The ACLU’s California affiliate had to threaten a lawsuit to persuade a Redding Catholic hospital to perform a tubal ligation. Rachel Miller had decided to undergo the procedure after her second C-section, but the hospital refused.
“I was shocked to learn from my doctor that the hospital was telling me no and that the only basis for that was a religious doctrine,” she said. “I have no problem with people practicing their religion, but because there are so many Catholic hospitals, especially in the north state where I live, it leaves women with very little choice.”
Miller told The San Francisco Chronicle that the nearest secular hospital is located more than two hours away in Sacramento. That’s an increasingly common scenario for patients.
“Ten of the 25 largest hospital systems in the U.S. are Catholic. In the past decade mergers have led to a 16 percent increase in the number of Catholic-sponsored hospitals. In some communities there is no other option for emergency care,” ethicist Arthur Caplan wrote in an op-ed for NBC News. “They took in $115 billion in 2011 alone from Medicare and Medicaid. They also get tax exemptions and other public money.”
Catholic hospitals often refuse to perform certain services. They are religious institutions, and most operate according to doctrinal dictates. But according to Americans United Senior Litigation Counsel Greg Lipper, the First Amendment does not guarantee a blanket religious exemption from offering comprehensive reproductive health care.

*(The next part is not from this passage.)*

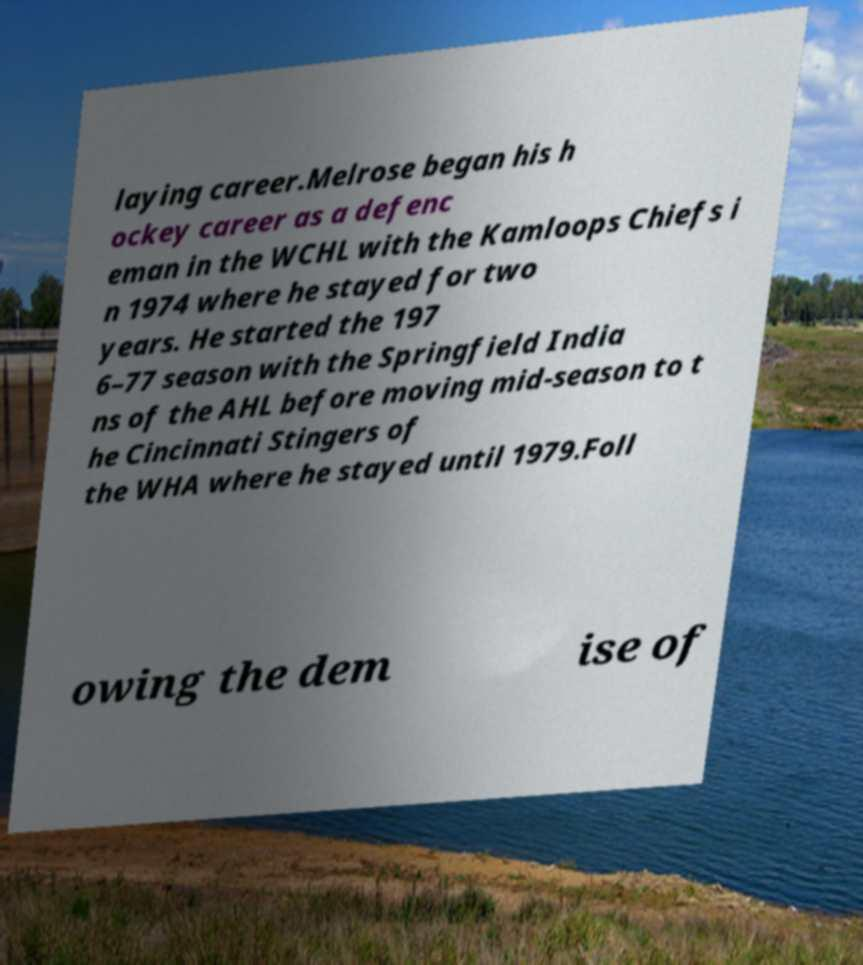Please read and relay the text visible in this image. What does it say? laying career.Melrose began his h ockey career as a defenc eman in the WCHL with the Kamloops Chiefs i n 1974 where he stayed for two years. He started the 197 6–77 season with the Springfield India ns of the AHL before moving mid-season to t he Cincinnati Stingers of the WHA where he stayed until 1979.Foll owing the dem ise of 
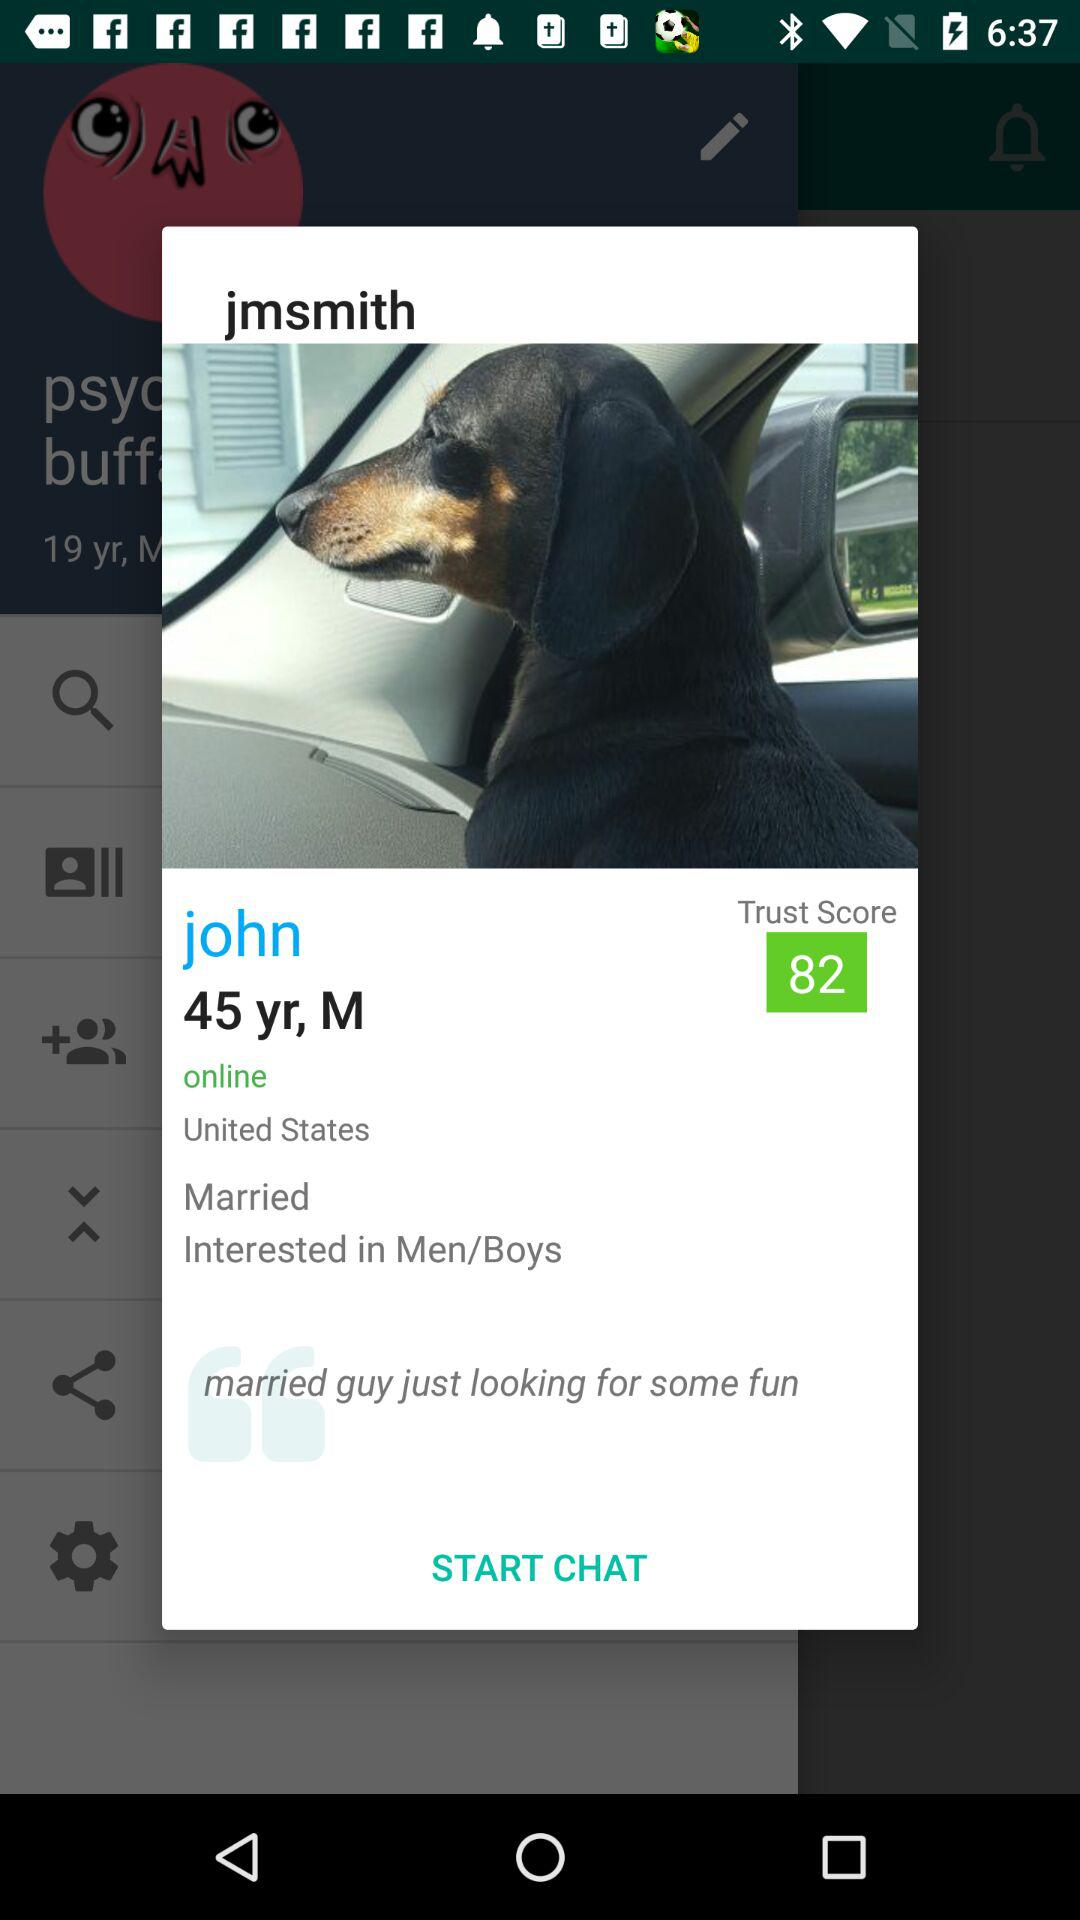What is the gender of "john"? The gender is male.

“Like all hospitals, Catholic hospitals are required to meet the standard of care,” Lipper said. “If a particular procedure is called for in order to save the patient’s life or protect her health, then the hospital cannot withhold that procedure on religious grounds. There is no free exercise right to commit medical malpractice. “A merger between a religious hospital and a secular hospital is not necessarily a problem,” Lipper added. “But it does become an issue when the religious hospital is the only hospital in town. Because state governments typically limit the number of hospitals that can open in a particular area, they have an obligation to ensure that meaningful secular alternatives are available and that everyone in a particular area has access to comprehensive medical care without religious restrictions.”

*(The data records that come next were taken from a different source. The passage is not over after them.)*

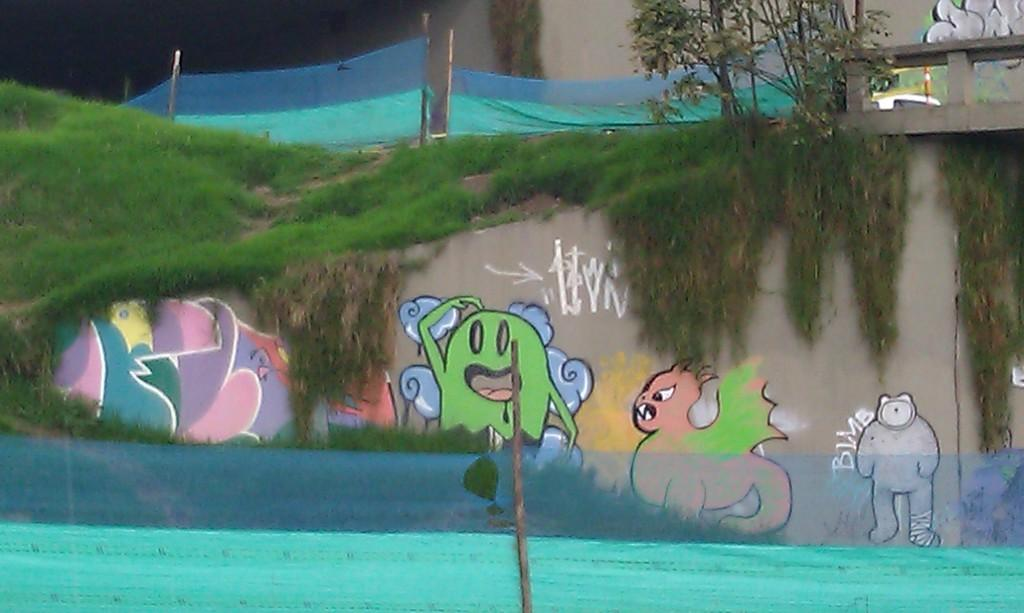What is hanging on the wall in the image? There is a painting on the wall in the image. What object can be seen in the image that is made of wood? There is a wooden stick in the image. What type of natural environment is visible in the image? There is grass visible in the image. What is the fence in the image made of, and what is attached to it? The fence in the image is made of cloth. What type of plant is present in the image? There is a tree in the image. What type of vegetable is growing in the hole in the image? There is no vegetable growing in a hole in the image; the facts provided do not mention any holes. What emotion is being expressed by the tree in the image? Trees do not express emotions, so it is not possible to answer this question based on the image. 
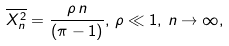Convert formula to latex. <formula><loc_0><loc_0><loc_500><loc_500>\overline { { X } _ { n } ^ { 2 } } = \frac { \rho \, n } { ( \pi - 1 ) } , \, \rho \ll 1 , \, n \to \infty ,</formula> 
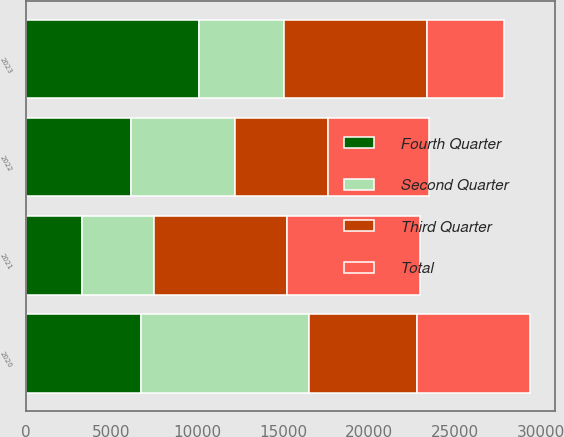Convert chart to OTSL. <chart><loc_0><loc_0><loc_500><loc_500><stacked_bar_chart><ecel><fcel>2020<fcel>2021<fcel>2022<fcel>2023<nl><fcel>Fourth Quarter<fcel>6740<fcel>3288<fcel>6151<fcel>10076<nl><fcel>Second Quarter<fcel>9744<fcel>4162<fcel>6067<fcel>4958<nl><fcel>Third Quarter<fcel>6308<fcel>7790<fcel>5365<fcel>8343<nl><fcel>Total<fcel>6579<fcel>7724<fcel>5876<fcel>4495<nl></chart>

The USCCB might not agree. On its website, it characterizes its health care work as a “ministry” of the church. It also condemns the Affordable Care Act’s contraception regulations for insurance providers as “coerced abortion payments.” These regulations, it claims, violate its religious freedom.
Religious freedom looms large in the national conversation about reproductive rights. The USCCB is not the only religious group pushing for restrictions on reproductive health care while vaunting its defense of religious freedom; activists say this tactic is common to Religious Right groups.

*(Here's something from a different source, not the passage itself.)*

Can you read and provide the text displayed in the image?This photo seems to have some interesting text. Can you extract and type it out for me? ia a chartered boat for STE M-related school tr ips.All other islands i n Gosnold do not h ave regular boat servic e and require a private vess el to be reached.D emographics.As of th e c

“Religious freedom has become a political weapon that they use to push a political agenda,” Quinn said. “They use religious freedom as a general catchall for social conservatives to push everything from laws that harm gay, lesbian and transgender Americans to anti-abortion laws.”
But it’s a weapon that some people of faith refuse to use.
Dr. Willie Parker, an Alabama-based abortion provider who identifies as a devout Christian, criticized the Religious Right’s tendency to combine anti-abortion activism with its pleas for religious freedom.
“When they [anti-abortion activists] frame issues as matters of religion, it puts them beyond question and debate,” Parker told Church & State. Parker said it’s the “irony of ironies” that abortion opponents brand themselves religious freedom advocates.
“They aren’t talking about freedom of religion or from religion. They mean the freedom for you to believe what they believe,” he noted. “It’s a real abuse of the privilege of living in a country where matters of conscience are protected.”